La forma de su corazón

La forma de su corazón

La forma de su corazón-limonero

Se han quedado colgadas las banderillas de colores del último cumpleaños. Las fotos en la pared del comedor, recortando los recuerdos. Los globos en mitad del salón, que no terminan de desinflarse. Las pisadas de los invitados, aguardando en la tierra que rodea el limonero del jardín. Intactas. Esperando la lluvia que las difumine. Y a pesar de eso, la vida, siempre la vida.

Estaba deseoso de cumplir los cincuenta y cinco, no porque le fascine sumar años, sino porque sus hijas iban a venir a celebrarlo. No hace tanto que se marcharon, ocho meses si no le fallan los cálculos. Una espera larga y constante para él. El recuerdo de las fechas nunca ha sido su mayor cualidad. Él recuerda las caras, los gestos, los perfumes que los invitados, a su vez, invitan a pasar, y el olor que perdura cuando se marchan.

Cuando las acompañó al aeropuerto, el orgullo que sentía por ellas se cruzaba en espiral con la melancolía, adivina de los días que vendrían. Quería despedirlas con alegría, pero las lágrimas se le acumulaban en la garganta, como coches atascados queriendo salir todos al mismo tiempo de la ciudad. Ambas, orgullo y melancolía, empezaron a formar un tirabuzón tan perfecto, que acabaron siendo la forma de su corazón.

Todo lo que le rodeaba y todo lo que miraba, pasaba filtrado por esa espiral; llegaba a su interior teñido por las formas que tomaban. Como un folio que llega en blanco y sale impreso con esa imagen que lo sella y lo marca.

La forma de su corazón-corazón de cartulina

Durante la cena de cumpleaños, todos hablaban, reían, alzaban la voz a ratos. Otros simplemente se miraban, o dirigían su mirada al plato perdiéndose en cualquier pensamiento que viniera a distraer su presencia en ese momento. Los platos distribuidos por la mesa se pasaban de mano en mano. Como sus anécdotas, como sus recuerdos, como el momento que estaban compartiendo. Incluso él, parecía ser capaz de escapar del tirabuzón en el que se había convertido. La espiral había dejado de girar.

Se sintió libre despojado de aquellas sensaciones que se apoderaron de él en el aeropuerto, y que se empeñó en seguir sintiendo día a día, durante ocho largos meses. Creyó que mientras perdurasen en él, sentiría a sus hijas más cerca, y así tendría la sensación de que no se marchaban del todo. Día tras día, orgullo y melancolía, caían sobre él como glaciares en desprendimiento.

Se quedó mirando la intensidad de la oscuridad mientras entendía que podía abandonar aquel lugar. De hecho, debía hacerlo para poder vivir y estar presente en cualquier otro. En esa cena de cumpleaños, sin ir más lejos. La forma de su corazón podía moldearse. Sus hijas no estarían más cerca o más lejos por quedarse atrapado en aquella espiral de sentimientos. Estarían exactamente a la misma distancia. A la distancia del corazón.
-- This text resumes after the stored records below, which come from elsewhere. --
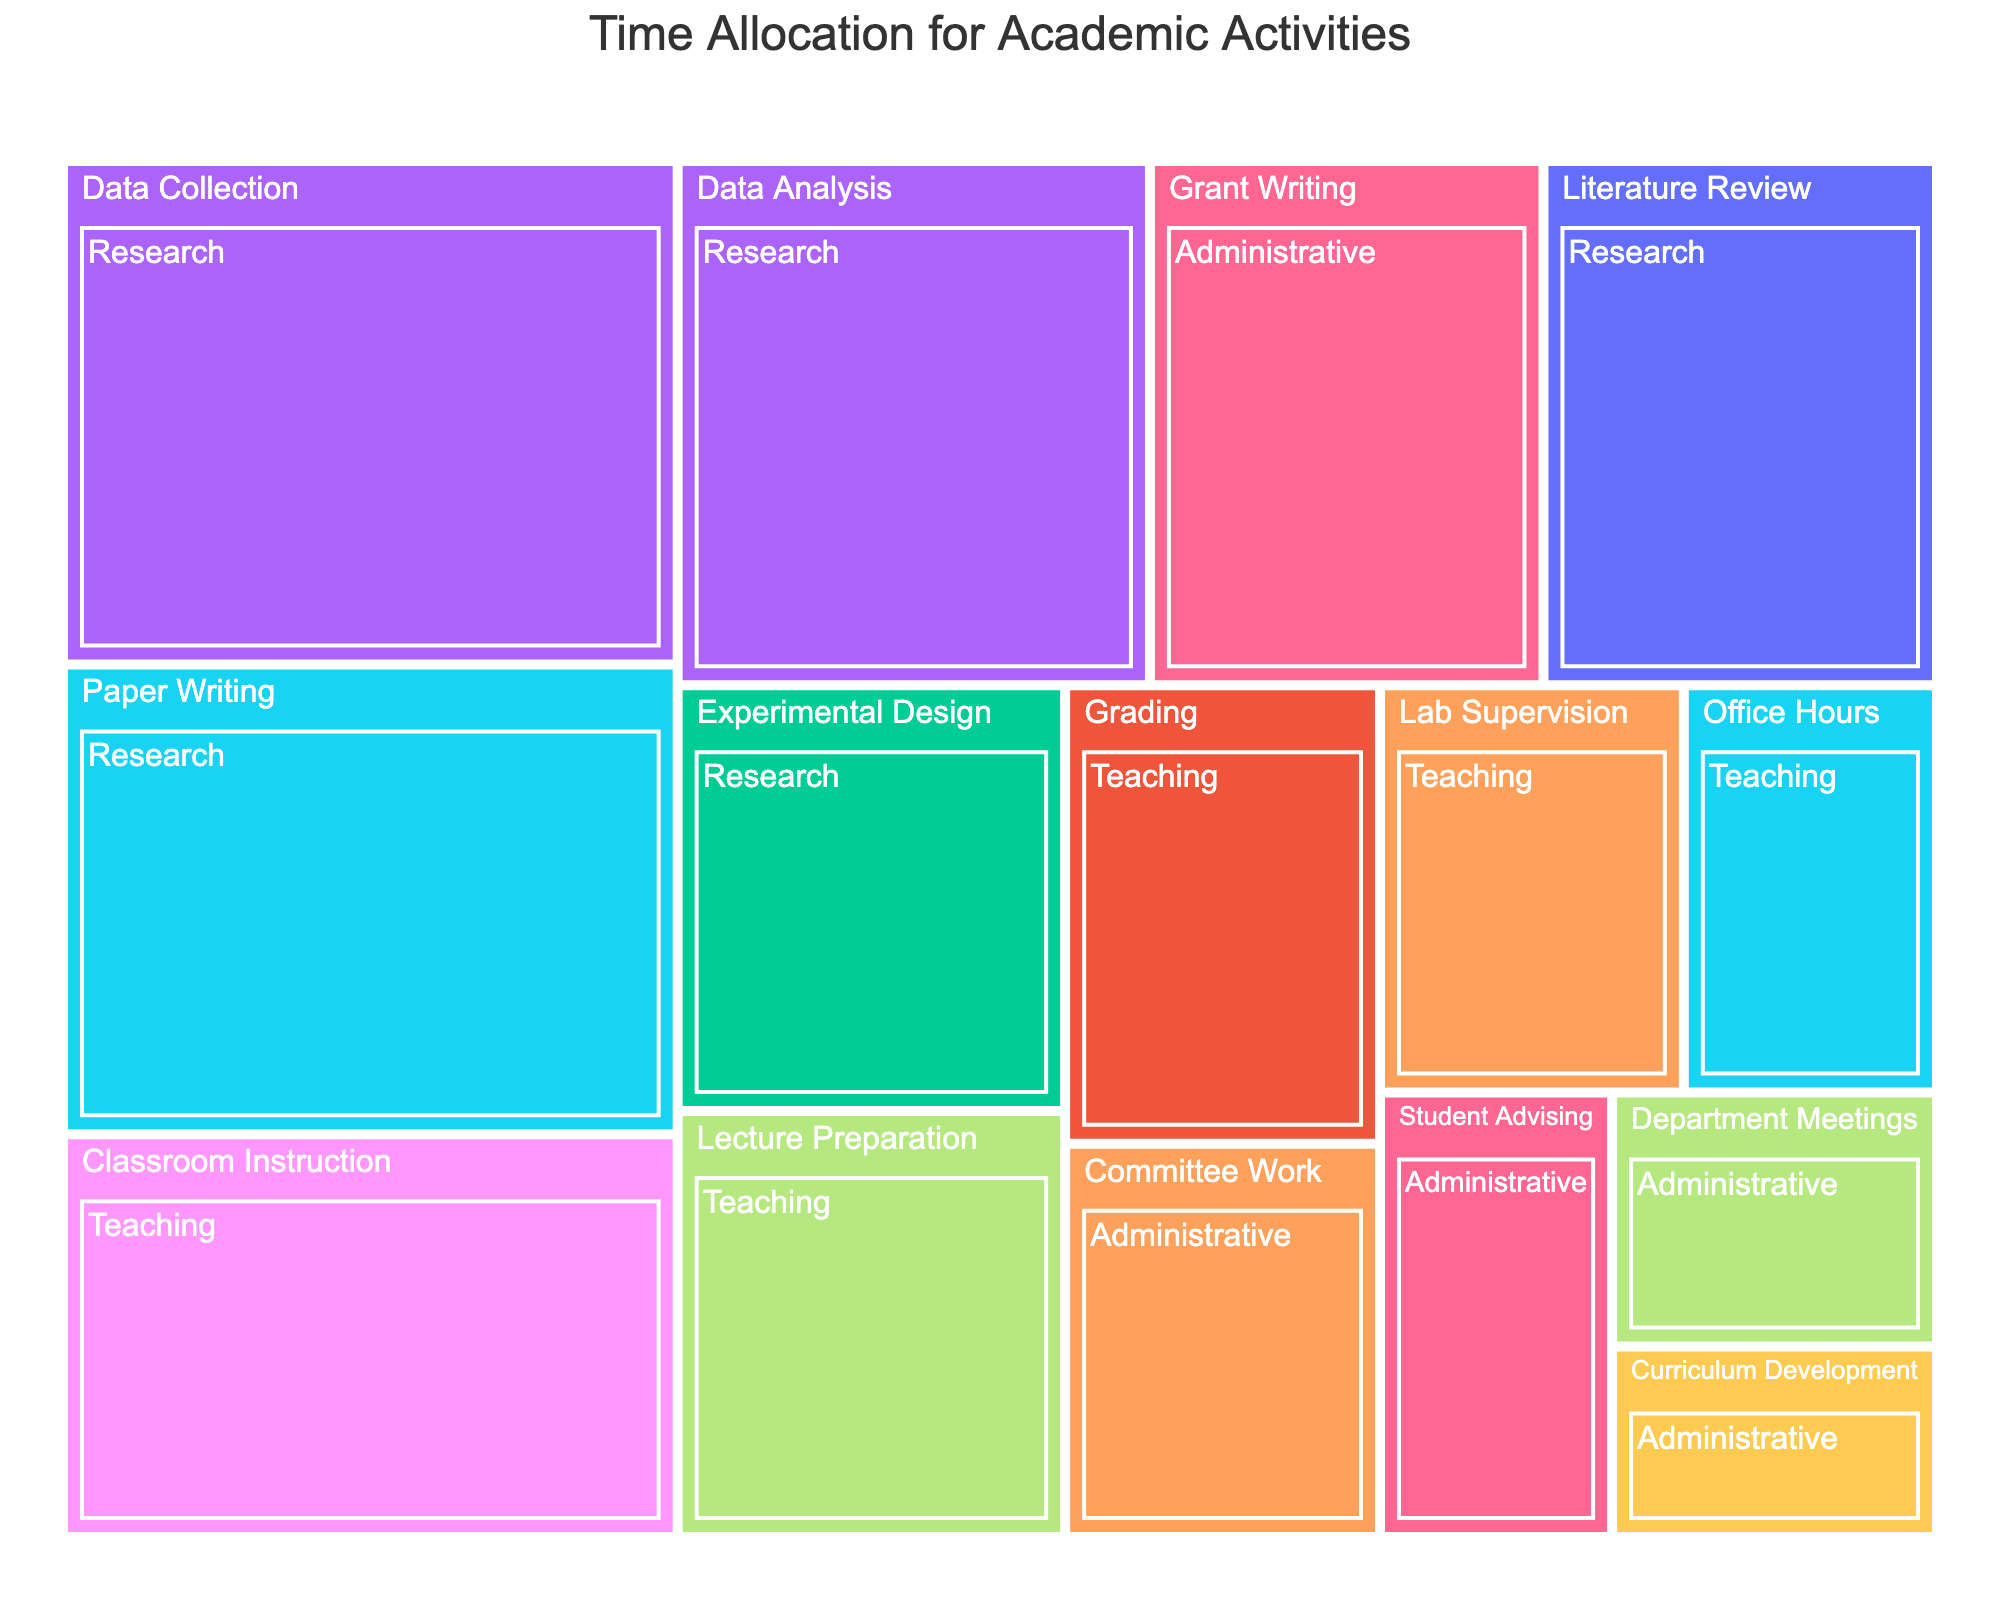What's the title of the Treemap? The title is located at the top of the figure, centered, and can be easily read to identify the main focus of the plot.
Answer: Time Allocation for Academic Activities How many hours are allocated to 'Paper Writing' in the 'Research' category? Locate the 'Research' category, find the 'Paper Writing' activity within it, and read the hours value associated with it.
Answer: 14 Which activity has the highest time allocation in the 'Teaching' category? Within the 'Teaching' category, compare the hours allocated to each activity to determine which has the maximum value.
Answer: Classroom Instruction What is the total time allocated for 'Administrative' tasks? Sum the hours of all activities under the 'Administrative' category: Department Meetings (4), Grant Writing (10), Committee Work (6), Student Advising (5), Curriculum Development (3). The total is 4 + 10 + 6 + 5 + 3.
Answer: 28 How do the hours for 'Data Collection' compare with 'Lecture Preparation'? Find the hours for 'Data Collection' under 'Research' and 'Lecture Preparation' under 'Teaching'. Compare the two values.
Answer: Data Collection has more hours (15 vs 8) What's the combined time allocation for 'Literature Review' and 'Data Analysis' in the 'Research' category? Add the hours allocated for 'Literature Review' (10) and 'Data Analysis' (12) under 'Research'. The combined hours are 10 + 12.
Answer: 22 Which 'Administrative' activity has the least time allocation? Identify the activity under 'Administrative' that has the smallest hours value by comparing all activities.
Answer: Curriculum Development What percentage of total 'Research' hours is spent on 'Experimental Design'? Sum the total hours for all ‘Research’ activities, and then find the percentage of that total allocated to 'Experimental Design'. Total Research hours are 10 + 8 + 15 + 12 + 14 = 59. Experimental Design hours are 8. The percentage is (8/59) * 100.
Answer: 13.56% How does the combined time for 'Teaching' and 'Administrative' compare with 'Research'? Sum the hours of all activities under 'Teaching' and 'Administrative' categories, and then compare the total with 'Research'. Teaching: 8+12+6+7+5=38, Administrative: 4+10+6+5+3=28. Combined Teaching and Administrative: 38+28=66. Research: 59. Compare the two totals.
Answer: Combined hours for Teaching and Administrative are greater by 7 Which category has the most time allocation overall? Sum the hours for each category and determine which has the highest total. Research: 59, Teaching: 38, Administrative: 28. The category with the highest sum is the one with the most time allocation.
Answer: Research 
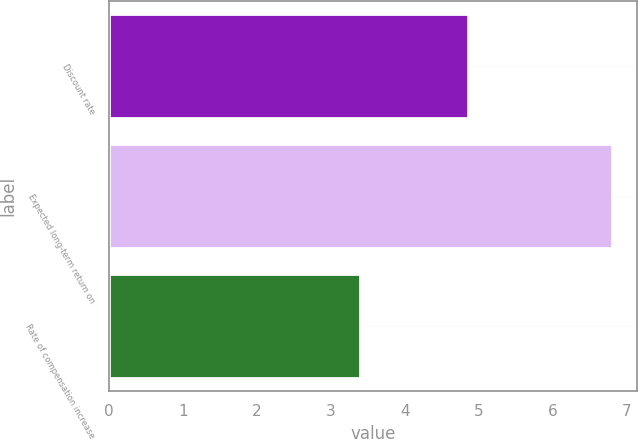<chart> <loc_0><loc_0><loc_500><loc_500><bar_chart><fcel>Discount rate<fcel>Expected long-term return on<fcel>Rate of compensation increase<nl><fcel>4.86<fcel>6.8<fcel>3.39<nl></chart> 
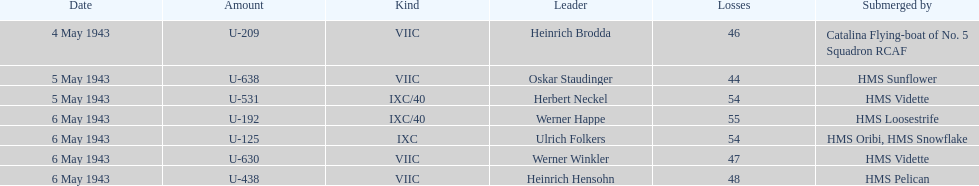What was the only captain sunk by hms pelican? Heinrich Hensohn.

Tres días después las llevo al aeropuerto de nuevo. Y aunque se le atragantó el tirabuzón en la garganta, sonrió y las saludó con la mano cuando se giraron para decirle adiós después de pasar el control, sabiendo que él todavía estaría esperando esa última despedida. Salió de allí sin mirar atrás, convencido de que volvería pronto, y el saludo sería al otro lado del control, al otro lado de la despedida.

Ahora se sienta en el sofá, bajo las banderillas, con los globos a los pies, mirando las fotos recortadas, y observando las pisadas que el limonero mantiene resguardadas a la sombra. Esa es hoy la forma de su corazón latiendo fuerte, orgulloso de él mismo.